Having either of these forms is not sufficient to make an argument satisfactory. Thus we talk of the correctness or soundness of these arguments, respectively. An inductive argument is correct and, therefore, satisfactory if (i) the premises are clear, true, and relevant, (ii) there are no clear, true, and relevant contradictory premises, and (iii) the premises provide adequate evidence for believing the conclusion to be probably true. A deductive argument is sound and, therefore, satisfactory if the premises are clear, true, and relevant, and are arranged in a way that establishes the conclusion as certainly true (i.e., that it has a valid form). In short, then, some inductive and deductive arguments are not satisfactory. (i.e., inductive and deductive arguments which have unclear, false or irrelevant premises and inductive arguments in which the premises do not provide good reason for believing that the conclusion is true.)

This, then, outlines the conditions for a satisfactory argument.

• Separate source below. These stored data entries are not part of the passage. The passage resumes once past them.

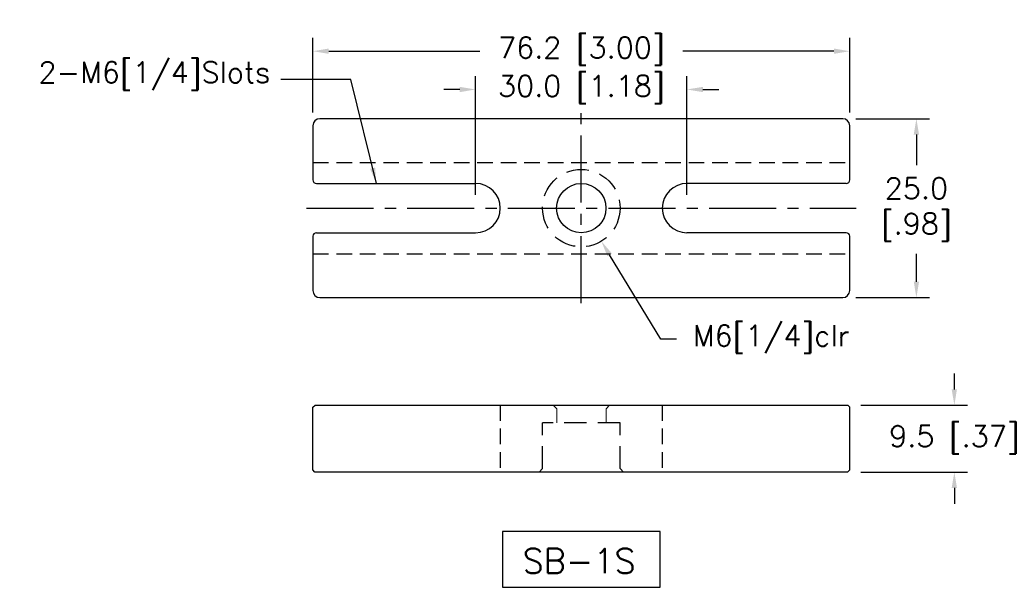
# Model space of a CAD drawing. Extents: x 64 to 203, y 54 to 134.
import ezdxf

# ---------------------------------------------------------------- set-up
doc = ezdxf.new("R2010")
doc.units = 0
doc.header["$LTSCALE"] = 0.5
doc.header["$MEASUREMENT"] = 0
for name, pattern in [('CENTER2', [28.575, 19.05, -3.175, 3.175, -3.175]), ('DASHED', [19.05, 12.7, -6.35]), ('DASHED2', [9.525, 6.35, -3.175])]:
    doc.linetypes.add(name, pattern=pattern)
doc.layers.get('0').update_dxf_attribs({"linetype": 'CONTINUOUS'})
doc.layers.get('Defpoints').update_dxf_attribs({"linetype": 'CONTINUOUS'})
doc.layers.add('H', color=7, linetype='DASHED2', lineweight=13)
for name, color, linetype in [('外形輪廓', 7, 'CONTINUOUS'), ('尺寸線', 1, 'CONTINUOUS'), ('隱藏虛線', 1, 'DASHED')]:
    doc.layers.add(name, color=color, linetype=linetype)
doc.styles.add('STSL', font='romans.shx', dxfattribs={"bigfont": 'stsl.shx'})
doc.dimstyles.new('11', dxfattribs={"dimscale": 1.5, "dimtxt": 2, "dimasz": 1.5, "dimexe": 1.25, "dimexo": 1.25, "dimgap": 1, "dimtad": 0, "dimtih": 1, "dimtoh": 1, "dimdec": 1, "dimzin": 1, "dimdsep": 46, "dimtxsty": 'STSL', "dimcen": 0, "dimadec": 3, "dimazin": 0, "dimtfac": 1, "dimtdec": 1, "dimtofl": 0, "dimtmove": 0, "dimatfit": 3, "dimfxl": 0, "dimtolj": 1, "dimtzin": 0, "dimarcsym": 0})

# ---------------------------------------------------------------- blocks, each defined once
blk = doc.blocks.new('*D14')
at = {"layer": 'Defpoints', "color": 0}
for p in [(143.22, 107.68), (146.07, 102.98)]:
    blk.add_point(p, dxfattribs=at)
at = {"layer": '外形輪廓', "color": 0, "lineweight": -2}
for p, q in [((154.49, 89.08), (147.24, 101.05)), ((156.74, 89.08), (154.49, 89.08))]:
    blk.add_line(p, q, dxfattribs=at)
at = {"layer": '外形輪廓', "color": 0}
blk.add_solid([(147.56, 101.25), (146.92, 100.86), (146.07, 102.98)], dxfattribs=at)
at = {"layer": '外形輪廓', "color": 0, "insert": (170.16, 89.08), "char_height": 3, "attachment_point": 5, "style": 'STSL'}
blk.add_mtext('\\A1;M6[1/4]clr', dxfattribs=at)
blk = doc.blocks.new('*D15')
at = {"layer": 'Defpoints', "color": 0}
for p in [(105.12, 129.96), (105.12, 119.38), (181.32, 119.38)]:
    blk.add_point(p, dxfattribs=at)
at = {"layer": '尺寸線', "color": 0, "lineweight": -2}
for p, q in [((105.12, 121.26), (105.12, 131.84)), ((181.32, 121.26), (181.32, 131.84)), ((107.37, 129.96), (128.8, 129.96)), ((179.07, 129.96), (157.65, 129.96))]:
    blk.add_line(p, q, dxfattribs=at)
at = {"layer": '尺寸線', "color": 0}
for points in [[(107.37, 130.34), (107.37, 129.59), (105.12, 129.96)], [(179.07, 130.34), (179.07, 129.59), (181.32, 129.96)]]:
    blk.add_solid(points, dxfattribs=at)
at = {"layer": '尺寸線', "color": 0, "lineweight": 13, "insert": (143.22, 129.96), "char_height": 3, "attachment_point": 5, "style": 'STSL'}
blk.add_mtext('\\A1;76.2 [3.00]', dxfattribs=at)
blk = doc.blocks.new('*D16')
at = {"layer": 'Defpoints', "color": 0}
for p in [(128.22, 124.53), (128.22, 107.68), (158.22, 107.68)]:
    blk.add_point(p, dxfattribs=at)
at = {"layer": '尺寸線', "color": 0, "lineweight": -2}
for p, q in [((128.22, 109.56), (128.22, 126.4)), ((158.22, 109.56), (158.22, 126.4)), ((125.97, 124.53), (123.72, 124.53)), ((160.47, 124.53), (162.72, 124.53))]:
    blk.add_line(p, q, dxfattribs=at)
at = {"layer": '尺寸線', "color": 0}
for points in [[(125.97, 124.9), (125.97, 124.15), (128.22, 124.53)], [(160.47, 124.9), (160.47, 124.15), (158.22, 124.53)]]:
    blk.add_solid(points, dxfattribs=at)
at = {"layer": '尺寸線', "color": 0, "lineweight": 13, "insert": (143.22, 124.53), "char_height": 3, "attachment_point": 5, "style": 'STSL'}
blk.add_mtext('\\A1;30.0 [1.18]', dxfattribs=at)
blk = doc.blocks.new('*D17')
at = {"layer": 'Defpoints', "color": 0}
for p in [(180.32, 120.38), (180.32, 94.98), (190.78, 94.98)]:
    blk.add_point(p, dxfattribs=at)
at = {"layer": '尺寸線', "color": 0, "lineweight": -2}
for p, q in [((182.2, 120.38), (192.66, 120.38)), ((190.78, 118.13), (190.78, 113.77)), ((190.78, 97.23), (190.78, 101.2)), ((182.2, 94.98), (192.66, 94.98))]:
    blk.add_line(p, q, dxfattribs=at)
at = {"layer": '尺寸線', "color": 0}
for points in [[(190.41, 118.13), (191.16, 118.13), (190.78, 120.38)], [(190.41, 97.23), (191.16, 97.23), (190.78, 94.98)]]:
    blk.add_solid(points, dxfattribs=at)
at = {"layer": '尺寸線', "color": 0, "lineweight": 13, "insert": (190.78, 107.48), "char_height": 3, "attachment_point": 5, "style": 'STSL'}
blk.add_mtext('\\A1;25.0\\P[.98]', dxfattribs=at)
blk = doc.blocks.new('*D20')
at = {"layer": 'Defpoints', "color": 0}
for p in [(181.02, 79.7), (196.17, 79.7), (181.02, 70.2)]:
    blk.add_point(p, dxfattribs=at)
at = {"layer": '外形輪廓', "color": 0, "lineweight": -2}
for p, q in [((196.17, 81.95), (196.17, 84.2)), ((182.9, 79.7), (198.04, 79.7)), ((182.9, 70.2), (198.04, 70.2)), ((196.17, 67.95), (196.17, 65.7))]:
    blk.add_line(p, q, dxfattribs=at)
at = {"layer": '外形輪廓', "color": 0}
for points in [[(195.79, 81.95), (196.54, 81.95), (196.17, 79.7)], [(195.79, 67.95), (196.54, 67.95), (196.17, 70.2)]]:
    blk.add_solid(points, dxfattribs=at)
at = {"layer": '外形輪廓', "color": 0, "insert": (196.17, 74.8), "char_height": 3, "attachment_point": 5, "style": 'STSL'}
blk.add_mtext('\\A1;9.5 [.37]', dxfattribs=at)

msp = doc.modelspace()

# ---------------------------------------------------------------- linework, layer by layer
for p, q in [((180.32, 120.38), (106.12, 120.38)), ((105.12, 119.38), (105.12, 111.68)), ((181.32, 111.68), (181.32, 119.38)), ((105.62, 111.18), (128.22, 111.18)), ((180.82, 111.18), (158.22, 111.18)), ((105.12, 103.68), (105.12, 95.98)), ((105.62, 104.18), (128.22, 104.18)), ((180.82, 104.18), (158.22, 104.18)), ((181.32, 95.98), (181.32, 103.68)), ((106.12, 94.98), (180.32, 94.98)), ((105.13, 79.4), (105.43, 79.7)), ((105.43, 79.7), (181.03, 79.7)), ((181.33, 79.4), (181.03, 79.7)), ((105.12, 70.5), (105.13, 79.4)), ((181.32, 70.5), (181.33, 79.4)), ((105.42, 70.2), (105.12, 70.5)), ((181.02, 70.2), (105.42, 70.2)), ((181.02, 70.2), (181.32, 70.5))]:
    msp.add_line(p, q)
msp.add_circle((143.22, 107.68), 3.5)
for centre, radius, start, end in [((106.12, 119.38), 1, 90, 180), ((180.32, 119.38), 1, 0, 90), ((105.62, 111.68), 0.5, 180, 270), ((128.22, 107.68), 3.5, 270, 90), ((158.22, 107.68), 3.5, 90, 270), ((180.82, 111.68), 0.5, 270, 0), ((105.62, 103.68), 0.5, 90, 180), ((180.82, 103.68), 0.5, 0, 90), ((106.12, 95.98), 1, 180, 270), ((180.32, 95.98), 1, 270, 0)]:
    msp.add_arc(centre, radius, start, end)
at = {"layer": 'H'}
for p, q in [((139.73, 79.2), (139.23, 79.7)), ((146.73, 79.2), (147.23, 79.7)), ((137.23, 70.2), (137.73, 70.7)), ((149.23, 70.2), (148.73, 70.7))]:
    msp.add_line(p, q, dxfattribs=at)
at = {"layer": 'H', "ltscale": 2}
for p, q in [((139.73, 77.2), (139.73, 79.2)), ((146.73, 77.2), (146.73, 79.2))]:
    msp.add_line(p, q, dxfattribs=at)
at = {"layer": '外形輪廓', "color": 3, "linetype": 'CENTER2'}
for p, q in [((143.22, 94.18), (143.22, 121.18)), ((104.22, 107.68), (182.22, 107.68))]:
    msp.add_line(p, q, dxfattribs=at)
at = {"layer": '外形輪廓', "color": 0}
msp.add_lwpolyline([(132.03, 53.84), (154.41, 53.84), (154.41, 61.75), (132.03, 61.75)], close=True, dxfattribs=at)
at = {"layer": '隱藏虛線', "color": 0, "ltscale": 0.35}
for p, q in [((105.12, 114.18), (181.32, 114.18)), ((105.12, 101.18), (181.32, 101.18)), ((105.12, 101.18), (181.32, 101.18)), ((131.72, 79.7), (131.72, 70.2)), ((154.72, 79.7), (154.72, 70.2))]:
    msp.add_line(p, q, dxfattribs=at)
at = {"layer": '隱藏虛線', "color": 0, "ltscale": 0.5}
for p, q in [((148.73, 77.2), (137.73, 77.2)), ((137.73, 70.7), (137.73, 77.2)), ((148.73, 70.7), (148.73, 77.2))]:
    msp.add_line(p, q, dxfattribs=at)
msp.add_circle((143.22, 107.68), 5.5, dxfattribs=at)

# ---------------------------------------------------------------- texts
at = {"layer": '外形輪廓', "color": 0, "insert": (99.08, 124.45), "char_height": 3, "attachment_point": 9, "style": 'STSL'}
msp.add_mtext('\\A1;2-M6[1/4]Slots', dxfattribs=at)
at = {"layer": '外形輪廓', "color": 0, "insert": (134.88, 59.33), "char_height": 3.5, "width": 20.01, "attachment_point": 1, "style": 'STSL'}
msp.add_mtext('SB-1S', dxfattribs=at)

# ---------------------------------------------------------------- dimensions: what is measured, and where the dimension line sits
at = {"layer": '外形輪廓'}
dim = msp.add_radius_dim(center=(143.22, 107.68), mpoint=(146.07, 102.98), text='M6[1/4]clr', dimstyle='11', dxfattribs=at)
dim.commit()
dim.dimension.update_dxf_attribs({"geometry": '*D14', "text_midpoint": (170.16, 89.08), "dimtype": 164})
at = {"layer": '外形輪廓', "color": 0}
dim = msp.add_linear_dim(base=(196.17, 79.7), p1=(181.02, 70.2), p2=(181.02, 79.7), angle=90, dimstyle='11', dxfattribs=at)
dim.commit()
dim.dimension.update_dxf_attribs({"geometry": '*D20', "text_midpoint": (196.17, 74.8), "dimtype": 160})
at = {"layer": '尺寸線', "color": 7, "lineweight": 13}
for base, p1, p2, picture, middle in [((105.12, 129.96), (181.32, 119.38), (105.12, 119.38), '*D15', (143.22, 129.96)), ((128.22, 124.53), (158.22, 107.68), (128.22, 107.68), '*D16', (143.22, 124.53))]:
    dim = msp.add_linear_dim(base=base, p1=p1, p2=p2, dimstyle='11', dxfattribs=at)
    dim.commit()
    dim.dimension.update_dxf_attribs({"geometry": picture, "text_midpoint": middle})
dim = msp.add_linear_dim(base=(190.78, 94.98), p1=(180.32, 120.38), p2=(180.32, 94.98), angle=90, text='25.0\\P[.98]', dimstyle='11', dxfattribs=at)
dim.commit()
dim.dimension.update_dxf_attribs({"geometry": '*D17', "text_midpoint": (190.78, 107.48), "dimtype": 160})

# ---------------------------------------------------------------- leaders
at = {"layer": '外形輪廓', "color": 0, "annotation_type": 0, "has_hookline": 1, "hookline_direction": 1, "text_width": 35.57}
msp.add_leader([(114.13, 111.18), (110.52, 125.95), (100.58, 125.95)], dimstyle='11', override={"dimgap": 1, "dimtad": 0}, dxfattribs=at)

doc.saveas('drawing.dxf')

When we read or write philosophical arguments, we should keep these conditions in mind, because an argument can be criticized if it does not meet one or more of them. If an argument has premises which are false, or unclear, or irrelevant, or if the premises do not provide sufficient evidence for the conclusion, we usually have good grounds for rejecting it.

N.B. ... It is one thing to say that an argument is not satisfactory; it is quite another to say that it is not convincing. Bad arguments often do convince people and some good arguments fail to convince people. To be convinced refers to a psychological state of the listener or reader, and people can (though they should not, if they are fully rational) be influenced through emotion or prejudice rather than argument.

Common problems in identifying arguments

1. A set of sentences each of which expresses a proposition may constitute an exposition rather than an argument.

2. Indicator words may be missing from an argument, in which case the premises and conclusion can often be recognized by other linguistic cues or by knowledge of the context.

3. Indicator words may be present when there is no argument.

4. The conclusion may be implicit rather than stated.

5. Premises may be omitted, in which case it may be necessary to examine the context to determine exactly which premise(s) should be applied.